Z rzeki za szybko spuszczono wodę. Wody Polskie przyznają się do błędu
O katastrofie na rzece Głomia pisaliśmy już w środę.
We wtorek z rzeki w Krajence na terenie powiatu złotowskiego gwałtownie spuszczono wodę. Zdaniem lokalnych aktywistów, doszło do katastrofy ekologicznej, w wyniku której padły tysiące ryb. Urzędnicy przyznali, że zawnioskowali do Wód Polskich o obniżenie lustra wody w rzece ze względu na konieczność przeprowadzenia prac remontowych przy moście. Zapewnili jednak, że nie domagali się spuszczenia całej wody.

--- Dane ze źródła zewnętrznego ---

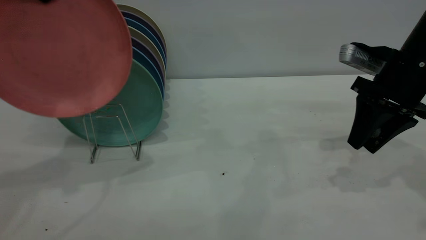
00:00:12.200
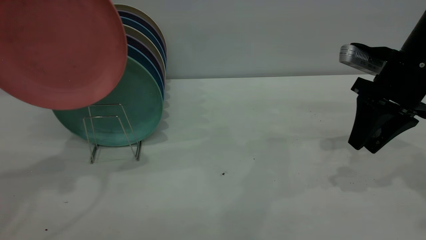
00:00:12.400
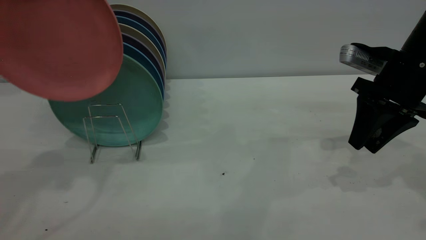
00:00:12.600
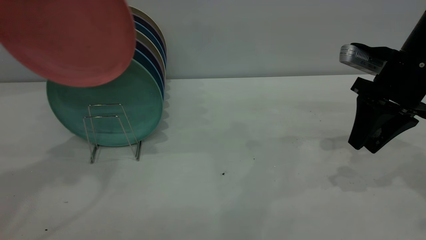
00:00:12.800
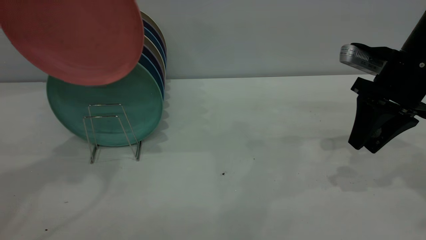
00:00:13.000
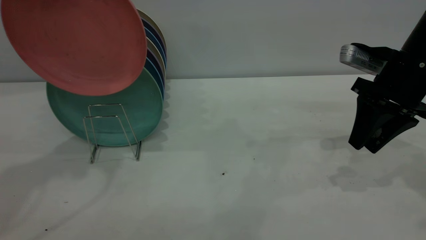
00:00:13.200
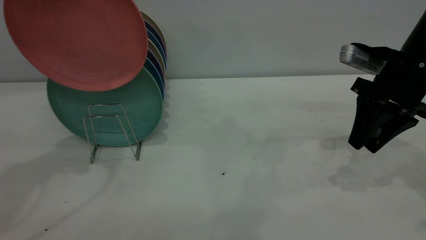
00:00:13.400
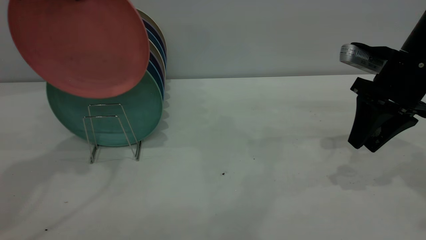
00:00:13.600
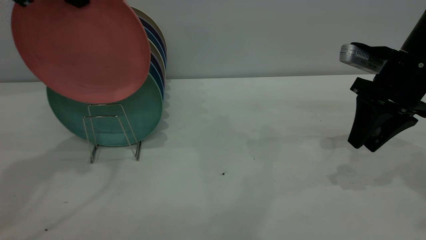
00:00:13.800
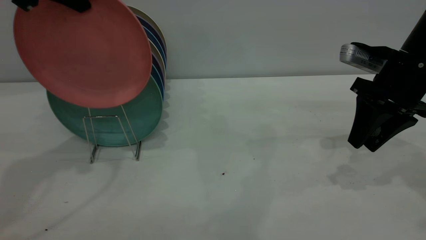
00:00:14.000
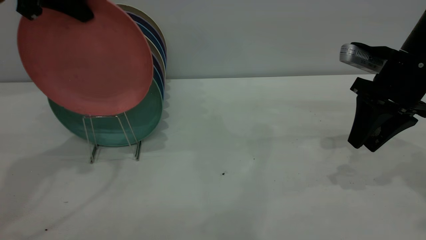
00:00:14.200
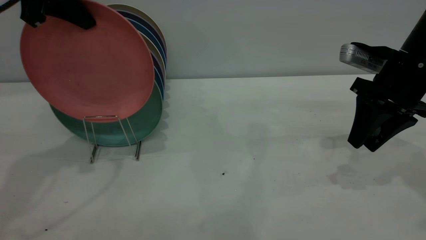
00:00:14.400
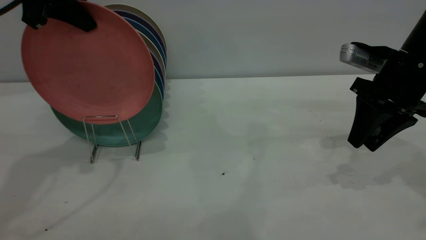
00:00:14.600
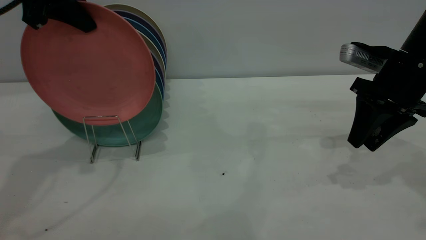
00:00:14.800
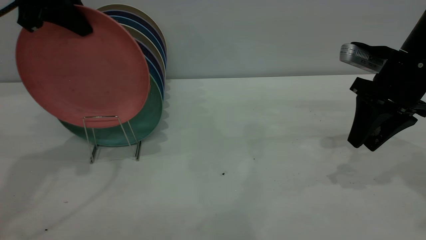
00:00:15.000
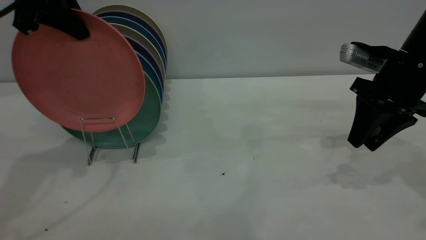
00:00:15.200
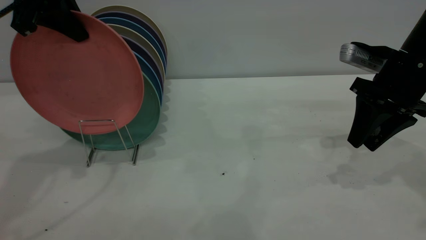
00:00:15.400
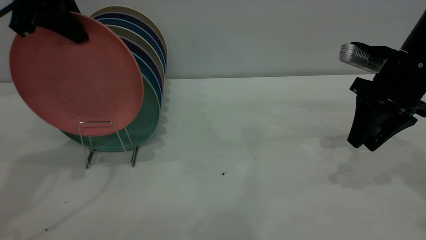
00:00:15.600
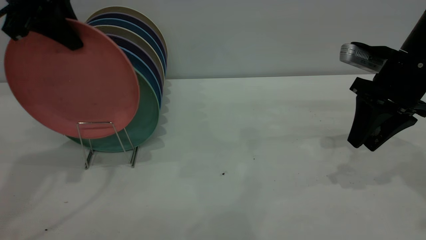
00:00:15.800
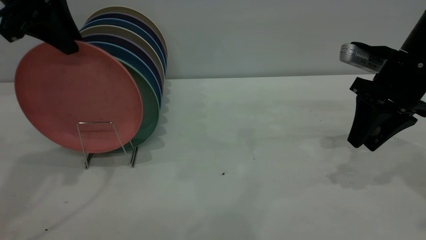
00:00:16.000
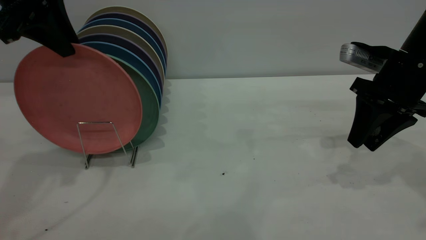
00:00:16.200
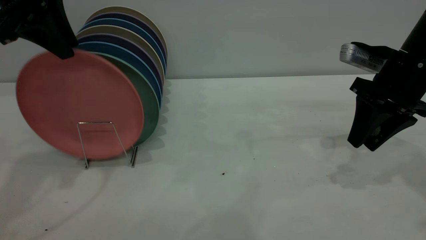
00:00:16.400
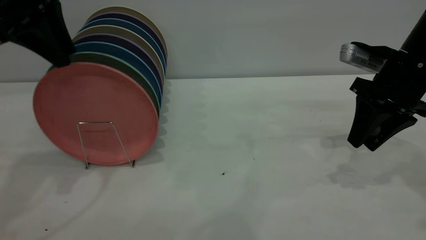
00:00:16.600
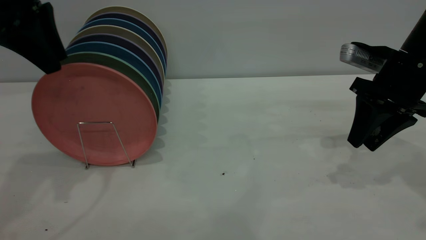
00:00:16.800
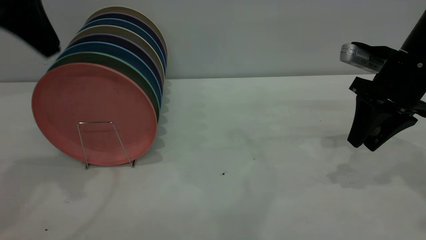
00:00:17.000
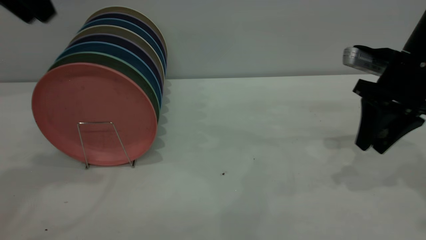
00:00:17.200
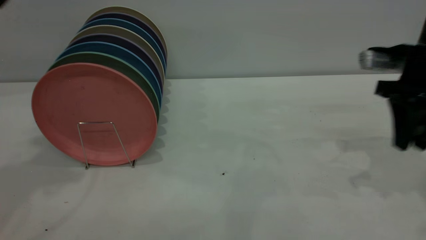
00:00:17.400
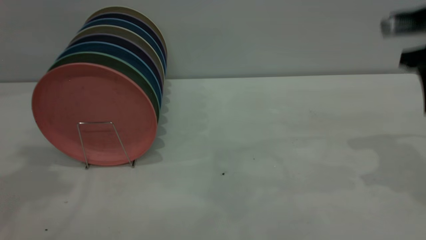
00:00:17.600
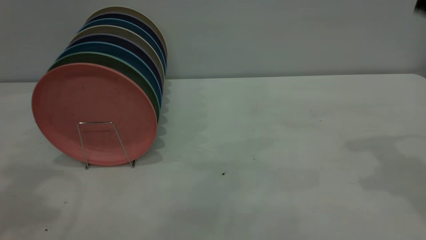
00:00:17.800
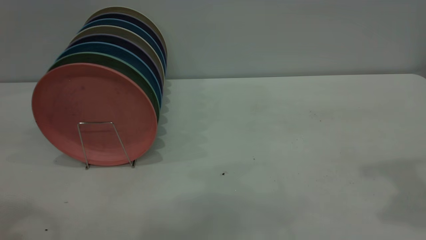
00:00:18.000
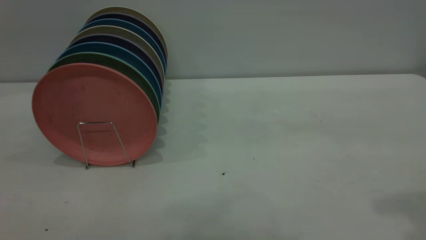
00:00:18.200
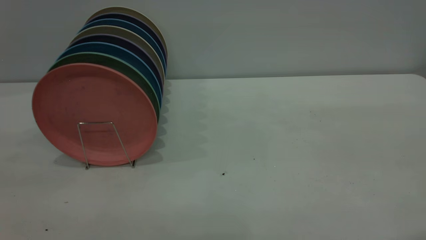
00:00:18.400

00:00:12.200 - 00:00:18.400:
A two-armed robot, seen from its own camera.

Wody Polskie odniosły się do tych doniesień. - Regionalny Zarząd Gospodarki Wodnej w Bydgoszczy oświadcza, że Wody Polskie na prośbę Urzędu Gminy i Miasta Krajenka dokonały obniżenia piętrzenia jazu na rzece. Samorząd zamierza dokonać remontu kładek na rzece. Obniżenie piętrzenia miało umożliwić wykonawcy przeprowadzenie robót. Nadzór Wodny w Złotowie obniżył lustro wody na prośbę telefoniczną i mailową pracownika Urzędu Gminy i Miasta Krajenka. Termin wejścia firmy wykonawczej został potwierdzony w dniu 06.07.2021 przez przedstawiciela tejże firmy, w związku z czym eksploatator podniósł jedno przęsło jazu o kilka cm. W dniu 07.07 br. firma przystąpiła do oględzin stanu podpór istniejącego mostka - czytamy w oświadczeniu.
Okazało się jednak, że woda znikała stąd za szybko. Na miejsce w godzinach popołudniowych wezwano policję. - Z relacji pracowników PGW WP wynika, że zarzut, iż poniżej Krajenki widoczne są bardzo duże ilości śniętych ryb, jest bezpodstawny. Świadczy o tym fakt, iż ryby ze zbiornika spłynęły przęsłem jazu w dół rzeki. Pracownicy NW w Złotowie stwierdzili dotychczas jedynie pojedyncze sztuki śniętych ryb. Aktualnie prowadzone są wizje w terenie celem oszacowania ewentualnych strat i szkód. Jeśli zajdzie taka potrzeba, pracownicy będą ratować ryby - zapewniają Wody Polskie i przyznają się do błędu. - Obniżenie piętrzenia na jazie zostało wykonane bez odpowiedniego nadzoru i bez zgłoszenia tego faktu jednostce nadrzędnej Wód Polskich. Prawdopodobnie zrzutu dokonano zbyt szybko, co spowodowało zamulenie rzeki osadami dennymi zgromadzonymi przy jazie.
Pada też słowo "przepraszam". - Regionalny Zarząd Gospodarki Wodnej w Bydgoszczy przeprasza za zaistniałą sytuację. Pragnie jednocześnie poinformować, że od osób odpowiedzialnych za ten stan rzeczy zostaną wyciągnięte konsekwencje służbowe. Zarząd Zlewni w Pile oraz Nadzór Wodny w Złotowie zostały zobowiązane do naprawienia szkód. Po zakończeniu przeglądu kładki piętrzenie będzie sukcesywnie przywracane. Chcielibyśmy jeszcze raz podkreślić, że reakcja Wód Polskich była natychmiastowa. Jednocześnie podejmiemy działania celem rekompensaty szkód powstałych w środowisku i po określeniu potencjalnych strat, w uzgodnieniu z dzierżawcą obwodu rybackiego, dokonamy ewentualnych zarybień.